It is $6USD to go in.  We spent about two hours there – our tuk tuk driver said most people spend about an hour.

A real eye opener and worth visiting.

The Royal Palace

It was interesting to be shown around the palace grounds by a guide.  We don’t usually get a guide however we decided to on this occasion and it was worth the 10 USD.  Without the guide’s explanation it would have been difficult to understand the different buildings, ceremonies and protocols.  The King was in house while we were there ( as shown by the flag flying).  Unfortunately he was busy so couldn’t see us!

Entry fee is 10 USD per person.

The Killing Fields

We visited these after S21 so that we had time to process what we had seen.  It is a bit of a drive out to the Killing fields and costs 25 USD for a tuk tuk.  A word of warning, our tuk tuk driver gave us masks to wear as it is really dusty on the way out.  We travelled through villages along non-sealed roads which were pretty bumpy.  The highway on the way back feels a bit life threatening too!

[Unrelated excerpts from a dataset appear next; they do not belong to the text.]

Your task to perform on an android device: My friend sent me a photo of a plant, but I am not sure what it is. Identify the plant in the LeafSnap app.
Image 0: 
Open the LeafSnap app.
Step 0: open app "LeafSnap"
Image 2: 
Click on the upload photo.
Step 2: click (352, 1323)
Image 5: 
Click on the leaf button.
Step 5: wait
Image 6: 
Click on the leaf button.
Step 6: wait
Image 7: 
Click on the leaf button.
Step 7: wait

The Killing Fields are where the Khmer Rouge took people in the middle of the night to kill them (usually from S21).  There is a really good audio tour which explains the horrors of the site.  You can still see the mass graves and they have systematically recorded  and displayed the skulls and bones that they have found washed up each rainy season.  Fragments are still washing to the surface each year.

Worth an hour visit.

Central Market

Central Market is one of two main markets that tourists might find useful to visit.  It is housed in a beautiful domed octagonal building with stalls stretching out of each of the points.  The stalls are organised in sections so it is easy to find what you are after.  You do need to have your bargaining hat on.  We won some and lost some but walking away is a good strategy as you know you are getting the best price.

The Russian Market

The Russian Market is quite different to the one in Vietnam that we visited.  Apparently it is named the Russian market because in the 80’s this is where all the Russians came to shop.

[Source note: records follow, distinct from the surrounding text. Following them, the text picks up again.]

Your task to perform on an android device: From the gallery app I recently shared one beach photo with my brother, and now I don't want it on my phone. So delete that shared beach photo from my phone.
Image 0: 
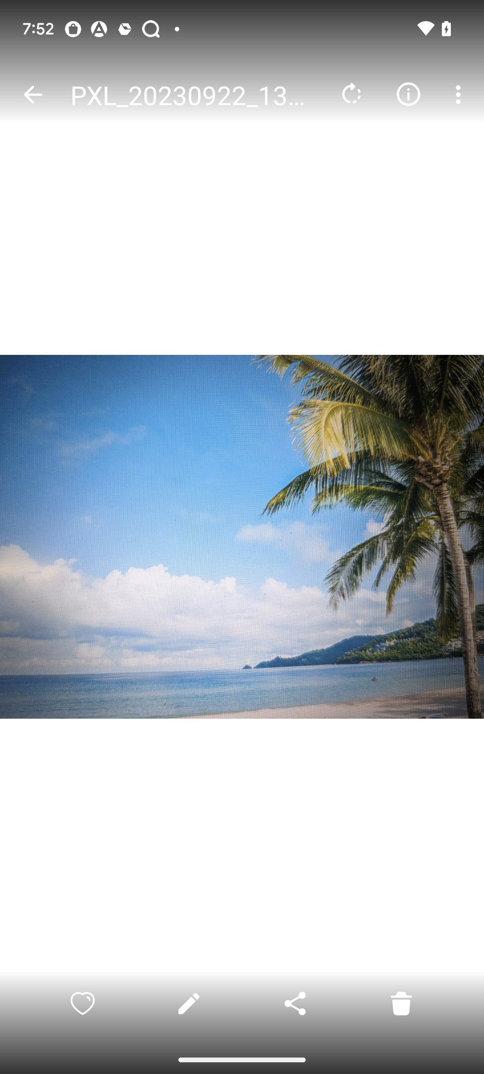
Click on the Delete icon at the bottom right corner of the screen
Step 0: click (401, 1003)
Image 1: 
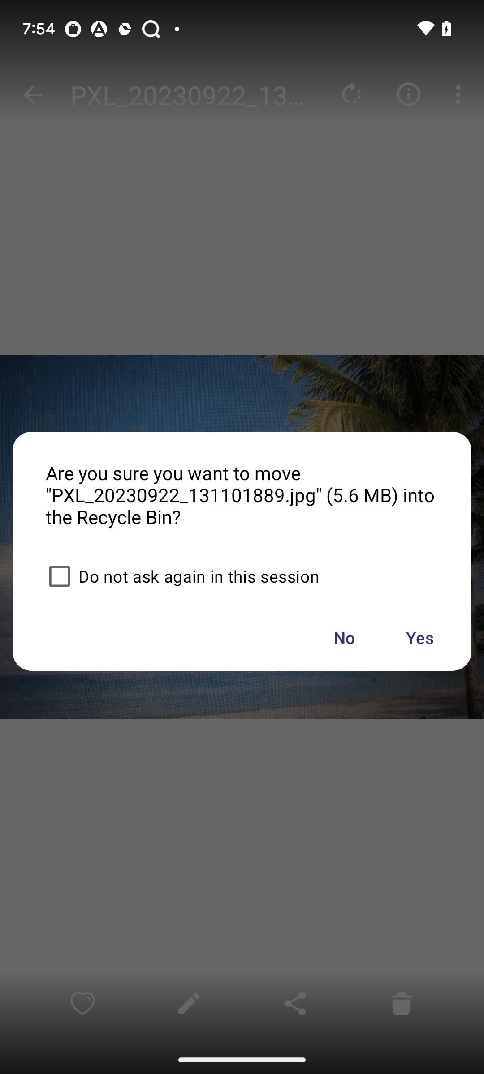
Click on the Yes option
Step 1: click (419, 638)

It is a huge market which sells everything you can imagine for both locals and tourists alike.  If you haven’t been to a wet market, and you can hold your stomach together, this is another place for some good pictures.  Souvenirs are a plenty and if you don’t find exactly what you want in one stall it will be somewhere else.  Again, you need to bargain hard.  Some stall owners start really high so that even 50% starting point is higher than what you would get in town, others are more reasonable.  A really worthwhile market to go to. Have your haggling hat on.

Wat Phnom Historical Site

This is a Buddhist temple in the city which is nice to visit.  It is the tallest structure in town.  Many locals come here to pray for good luck.  It is free for locals and there is a small charge for tourists and foreigners.

We were accosted by some children begging and selling bracelets. They can be very charming, have great English and tell you the money is to send them to school. It is recommended that children are not given money for any reason and rather the money is given to organisations that help them.  This has a higher hit rate of keeping them in school.

Cambodian National Museum

I am not always a big fan of museums but this one is set in beautiful grounds and has well kept artifacts on display.  Definitely worth a visit and you can also get Apsara Dance tickets here.  After our big burst of cultural dance activities in Bali, we decided against attending.

Phnom Penh is a lovely city which deserves more time than a day or two.  We really liked it and could have stayed for longer.